Prague - Skinheads and so-called 'crypto-fascism' are among the challenges facing European teachers now on the front line of an ideological battle to remember the Holocaust, education experts said at a conference Tuesday.

But teachers assigned to instruct today's grandchildren and great- grandchildren of the Holocaust generation also need proper training, classroom materials, personal motivation and curriculum support from governments, conference participants agreed.

It is not easy for teachers to fight the dark messages of 'skinhead marches around Europe that are certainly ideologically linked to the brown terror' of the Nazis, who killed 6 million Jews and others in the 1930s and '40s,' said Czech Education Minister Petra Buzkova at the Council of Europe (COE) event.

'This is something young people should be aware of and in no way underestimate,' she said.

Nevertheless, in some countries 'the teaching of genocide is not in the curriculum' officially assigned to schools by government ministries, said Gunnar Mandt, a Norwegian educator heading a COE committee on the issue.
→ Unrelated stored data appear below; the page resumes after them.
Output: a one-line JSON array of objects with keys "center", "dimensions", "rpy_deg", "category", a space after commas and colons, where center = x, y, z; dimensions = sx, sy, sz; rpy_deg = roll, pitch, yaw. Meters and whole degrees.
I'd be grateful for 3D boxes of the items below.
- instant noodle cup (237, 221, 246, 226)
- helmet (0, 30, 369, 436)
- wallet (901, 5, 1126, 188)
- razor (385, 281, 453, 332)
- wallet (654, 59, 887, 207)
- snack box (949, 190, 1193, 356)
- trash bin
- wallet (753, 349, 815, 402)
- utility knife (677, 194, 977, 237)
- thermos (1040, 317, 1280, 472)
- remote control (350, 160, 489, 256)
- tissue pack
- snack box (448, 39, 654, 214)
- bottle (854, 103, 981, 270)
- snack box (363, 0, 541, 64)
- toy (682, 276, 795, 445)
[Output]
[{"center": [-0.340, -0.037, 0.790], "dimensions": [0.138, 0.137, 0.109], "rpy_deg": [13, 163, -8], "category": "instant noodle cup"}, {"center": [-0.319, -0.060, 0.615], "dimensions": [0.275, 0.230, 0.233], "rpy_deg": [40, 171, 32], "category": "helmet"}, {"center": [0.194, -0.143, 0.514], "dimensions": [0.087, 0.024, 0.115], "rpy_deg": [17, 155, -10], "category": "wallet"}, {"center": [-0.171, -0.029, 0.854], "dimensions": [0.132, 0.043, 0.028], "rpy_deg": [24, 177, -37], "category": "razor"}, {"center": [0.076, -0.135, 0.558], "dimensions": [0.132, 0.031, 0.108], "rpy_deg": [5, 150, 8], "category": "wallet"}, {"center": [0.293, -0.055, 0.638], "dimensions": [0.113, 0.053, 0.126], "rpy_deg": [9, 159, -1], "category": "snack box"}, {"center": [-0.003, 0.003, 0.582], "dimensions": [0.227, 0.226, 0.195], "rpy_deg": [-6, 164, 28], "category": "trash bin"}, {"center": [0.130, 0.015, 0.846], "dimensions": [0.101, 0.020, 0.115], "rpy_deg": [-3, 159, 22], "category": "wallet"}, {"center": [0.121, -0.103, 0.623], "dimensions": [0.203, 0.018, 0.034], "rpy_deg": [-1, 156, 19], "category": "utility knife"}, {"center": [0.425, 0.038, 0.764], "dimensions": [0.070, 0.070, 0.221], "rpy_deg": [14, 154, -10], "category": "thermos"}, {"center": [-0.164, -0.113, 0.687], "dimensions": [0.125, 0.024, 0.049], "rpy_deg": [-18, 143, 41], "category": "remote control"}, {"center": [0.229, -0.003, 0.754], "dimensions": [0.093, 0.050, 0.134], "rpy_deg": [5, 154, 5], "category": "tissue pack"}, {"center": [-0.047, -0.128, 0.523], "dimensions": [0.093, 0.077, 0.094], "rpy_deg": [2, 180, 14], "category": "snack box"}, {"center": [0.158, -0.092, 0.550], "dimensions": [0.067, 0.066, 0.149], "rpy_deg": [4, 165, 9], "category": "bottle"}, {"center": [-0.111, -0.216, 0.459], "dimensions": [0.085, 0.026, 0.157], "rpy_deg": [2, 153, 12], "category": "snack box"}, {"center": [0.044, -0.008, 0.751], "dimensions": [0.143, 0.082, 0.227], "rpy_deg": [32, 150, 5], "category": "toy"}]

In these situations 'it's up to the individual teachers to bring it into the classroom,' he said.

The effort to remember the Holocaust and prevent it from happening again is also hampered by a shortage of classroom materials and 'a lack of competence on the part of teachers' that can only be addressed through training, Mandt said.

The COE, which spent the past three years promoting Holocaust remembrance in schools, has provided some training and books for educators such as a manual called 'Teaching About the Holocaust in the 21st Century.'

However, some countries should do more to support the educational effort, Mandt said.
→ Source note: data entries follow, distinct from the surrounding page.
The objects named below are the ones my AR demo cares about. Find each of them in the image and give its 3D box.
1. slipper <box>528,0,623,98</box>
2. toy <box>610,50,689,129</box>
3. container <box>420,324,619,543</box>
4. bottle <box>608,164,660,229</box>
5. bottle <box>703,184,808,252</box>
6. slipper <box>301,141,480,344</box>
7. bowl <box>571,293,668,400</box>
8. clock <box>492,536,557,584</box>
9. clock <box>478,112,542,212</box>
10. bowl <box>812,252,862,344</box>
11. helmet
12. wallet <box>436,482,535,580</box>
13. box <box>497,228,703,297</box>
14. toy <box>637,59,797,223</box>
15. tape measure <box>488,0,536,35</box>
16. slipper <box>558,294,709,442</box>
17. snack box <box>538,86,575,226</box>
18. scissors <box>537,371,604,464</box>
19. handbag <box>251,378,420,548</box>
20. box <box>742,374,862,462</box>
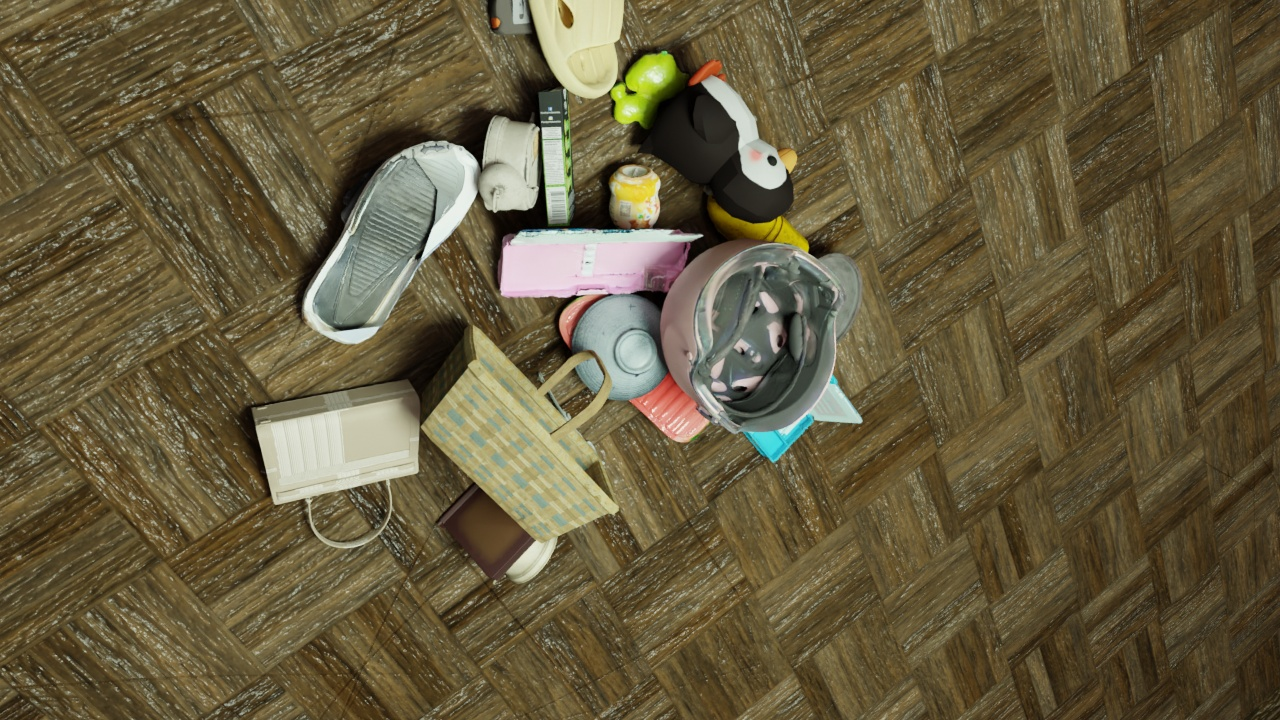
[{"bbox_3d":[-0.070,-0.417,0.992,0.111,0.079,0.261,-36,118,-42],"label":"slipper"},{"bbox_3d":[0.010,-0.328,1.109,0.094,0.036,0.094,4,111,-21],"label":"toy"},{"bbox_3d":[-0.114,0.065,1.061,0.186,0.157,0.250,-40,113,3],"label":"container"},{"bbox_3d":[-0.008,-0.184,1.135,0.063,0.063,0.109,-15,128,-22],"label":"bottle"},{"bbox_3d":[0.145,-0.181,1.209,0.163,0.071,0.071,37,88,-32],"label":"bottle"},{"bbox_3d":[-0.281,-0.137,1.012,0.111,0.063,0.264,27,106,-32],"label":"slipper"},{"bbox_3d":[-0.013,-0.014,1.135,0.137,0.057,0.137,-2,97,-18],"label":"bowl"},{"bbox_3d":[-0.144,0.221,1.183,0.054,0.093,0.141,40,96,-28],"label":"clock"},{"bbox_3d":[-0.139,-0.204,1.006,0.061,0.156,0.104,7,127,2],"label":"clock"},{"bbox_3d":[0.236,-0.087,1.282,0.144,0.067,0.145,-16,118,-31],"label":"bowl"},{"bbox_3d":[0.125,-0.032,1.125,0.255,0.153,0.230,37,81,-37],"label":"helmet"},{"bbox_3d":[-0.190,0.208,1.153,0.091,0.115,0.018,-46,152,-6],"label":"wallet"},{"bbox_3d":[-0.047,-0.133,1.084,0.230,0.161,0.062,-3,67,-17],"label":"box"},{"bbox_3d":[0.101,-0.236,1.100,0.140,0.159,0.184,-41,85,9],"label":"toy"},{"bbox_3d":[-0.135,-0.388,1.011,0.058,0.038,0.059,-12,112,-23],"label":"tape measure"},{"bbox_3d":[-0.007,0.007,1.202,0.249,0.059,0.103,43,82,-17],"label":"slipper"},{"bbox_3d":[-0.095,-0.236,1.058,0.025,0.080,0.148,-2,110,2],"label":"snack box"},{"bbox_3d":[-0.091,0.082,1.205,0.014,0.117,0.161,-26,85,10],"label":"scissors"},{"bbox_3d":[-0.345,0.135,1.078,0.175,0.062,0.198,-11,117,-24],"label":"handbag"},{"bbox_3d":[0.189,0.029,1.299,0.170,0.085,0.227,-28,123,21],"label":"box"}]

Indeed the experts at the conference from 48 countries stressed that, unlike most classroom lessons, Holocaust history needs earnest promotion and a vigorous defence.

In addressing the educators, former Czech president and writer Vaclav Havel said Holocaust remembrance is challenged by what he called a movement of 'crypto-fascism' hiding behind a mask of social legitimacy in Europe.
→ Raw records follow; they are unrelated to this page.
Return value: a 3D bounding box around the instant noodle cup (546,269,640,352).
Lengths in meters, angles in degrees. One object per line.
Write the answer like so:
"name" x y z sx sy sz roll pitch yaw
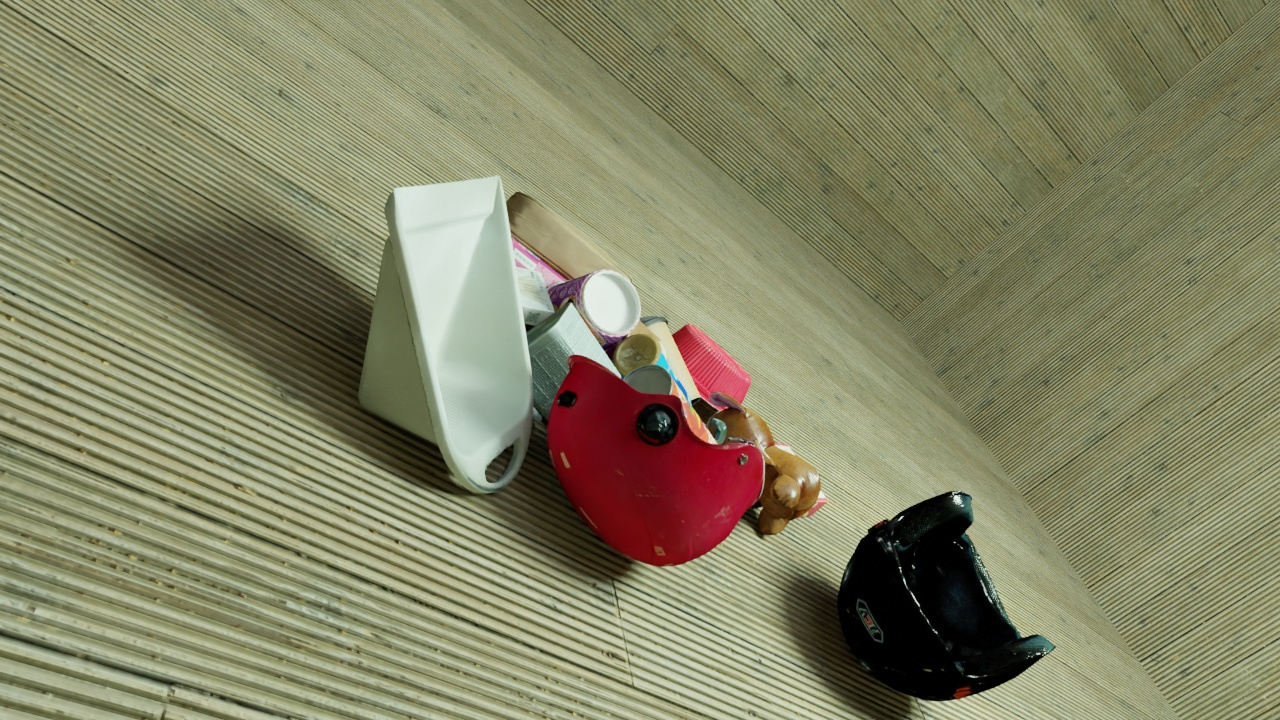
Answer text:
"instant noodle cup" -0.059 -0.058 1.120 0.111 0.099 0.111 9 73 -29

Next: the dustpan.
"dustpan" -0.149 -0.019 0.851 0.143 0.258 0.222 24 19 8

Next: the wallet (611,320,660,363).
"wallet" -0.007 0.007 1.196 0.101 0.020 0.115 37 63 -60

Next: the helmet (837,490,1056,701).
"helmet" 0.362 0.314 1.164 0.274 0.231 0.233 12 45 -44

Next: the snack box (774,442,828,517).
"snack box" 0.215 0.180 1.390 0.127 0.044 0.113 15 37 -57

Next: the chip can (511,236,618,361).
"chip can" -0.107 -0.070 1.197 0.210 0.071 0.071 38 22 -19

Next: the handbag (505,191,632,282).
"handbag" -0.117 -0.142 1.272 0.204 0.099 0.148 38 -5 -18

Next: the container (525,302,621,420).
"container" -0.087 0.011 1.045 0.111 0.090 0.089 53 20 -13

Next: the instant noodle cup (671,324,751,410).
"instant noodle cup" 0.104 0.009 1.413 0.194 0.066 0.193 42 8 -7

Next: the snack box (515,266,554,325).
"snack box" -0.183 -0.086 1.076 0.156 0.027 0.084 11 36 -28

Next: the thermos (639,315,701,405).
"thermos" 0.022 0.008 1.290 0.143 0.093 0.093 60 23 11

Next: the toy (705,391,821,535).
"toy" 0.150 0.141 1.262 0.130 0.140 0.199 -20 57 -22

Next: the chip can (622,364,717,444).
"chip can" 0.045 0.090 1.090 0.216 0.073 0.073 55 8 -46

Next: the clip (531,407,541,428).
"clip" -0.132 0.049 1.002 0.058 0.039 0.026 46 19 3

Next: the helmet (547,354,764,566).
"helmet" -0.006 0.115 0.918 0.240 0.143 0.207 34 -18 -3

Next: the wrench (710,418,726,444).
"wrench" 0.017 0.098 1.133 0.016 0.056 0.272 26 14 41

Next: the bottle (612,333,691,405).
"bottle" 0.026 0.047 1.169 0.065 0.065 0.219 62 1 36
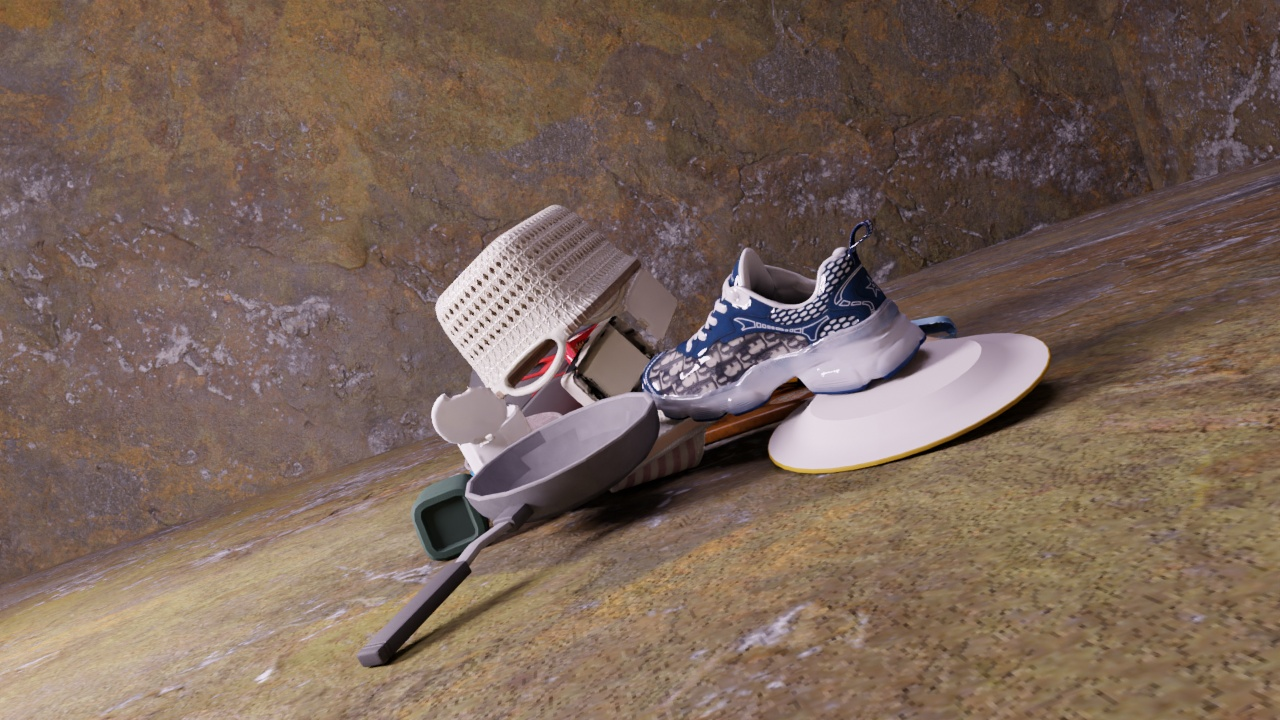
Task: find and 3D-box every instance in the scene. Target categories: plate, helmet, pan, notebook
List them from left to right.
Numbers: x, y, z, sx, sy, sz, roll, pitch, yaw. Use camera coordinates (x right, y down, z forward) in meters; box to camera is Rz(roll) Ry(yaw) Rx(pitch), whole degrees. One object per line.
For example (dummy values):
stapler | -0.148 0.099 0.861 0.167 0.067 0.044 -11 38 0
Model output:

As an example, Havel cited 'tendencies to minimize the significance' of concentration camps by drawing distinctions 'between extremely brutal and less brutal camps.'

'What looks innocent in the beginning might develop into something dangerous,' he warned.

Havel said responsibility for Holocaust education is not limited to a few countries. Genocide 'represents the shame of not only individual nations but of all humanity,' he said.

Now it's up to 'all nations to transmit moral and ethic values to future generations,' he said.

Much has already been accomplished and most European schools emphasize the Holocaust in history lessons, for example, while others personally expose students to its bitter legacy.

Norwegian high school students, for example, take field trips to the Auschwitz concentration camp in Poland. Others meet or learn about Holocaust survivors in their communities.

Mandt said the goal is to provide 'knowledge that creates empathy.'

In some European classes, students discuss current affairs such as race-related crime in their own countries, comparing today's news with events from the years preceding the Holocaust.

Such creative learning methods 'are being used more and more,' said Swiss educator Claude-Alain Clerc.

On another level, the educators said, teachers are encouraged to be personally motivated to focus on Holocaust education.

In the Czech Republic, for example, Buzkova said teachers are 'encouraged to be convinced' that the Holocaust's horror as well as 'reasons behind the events' deserve special attention.

She said such motivational training helps instructors 'teach pupils based on their conviction' so that the Holocaust will not be forgotten.